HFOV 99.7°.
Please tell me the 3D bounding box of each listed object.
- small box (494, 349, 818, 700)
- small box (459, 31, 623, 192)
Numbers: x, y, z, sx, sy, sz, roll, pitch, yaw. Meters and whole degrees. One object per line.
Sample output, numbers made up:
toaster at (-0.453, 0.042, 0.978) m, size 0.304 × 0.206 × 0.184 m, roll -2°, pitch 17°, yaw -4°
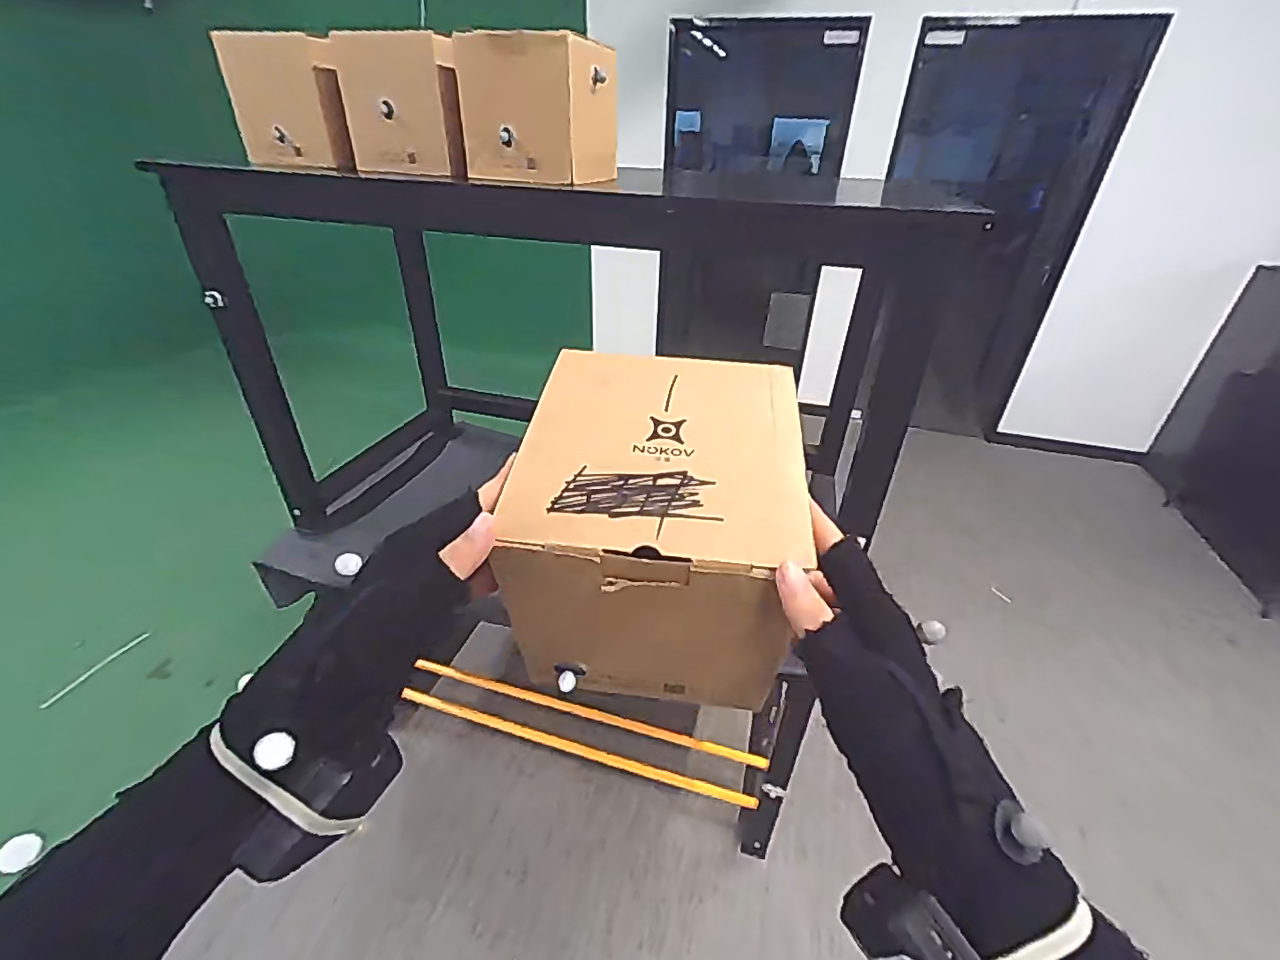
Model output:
small box at (0.017, 0.032, 0.378) m, size 0.168 × 0.176 × 0.179 m, roll 6°, pitch 46°, yaw 5°
small box at (-0.132, -0.517, 0.772) m, size 0.168 × 0.176 × 0.179 m, roll 11°, pitch 34°, yaw 14°

● Task details:
The exact lines of the material above starting at the one that contains "Sample output, numbers" and ending at the one that contains "toaster at (-0.453, 0.042, 0.978)" are what to retype; leave out everything else.

● Exercise response:
Sample output, numbers made up:
toaster at (-0.453, 0.042, 0.978) m, size 0.304 × 0.206 × 0.184 m, roll -2°, pitch 17°, yaw -4°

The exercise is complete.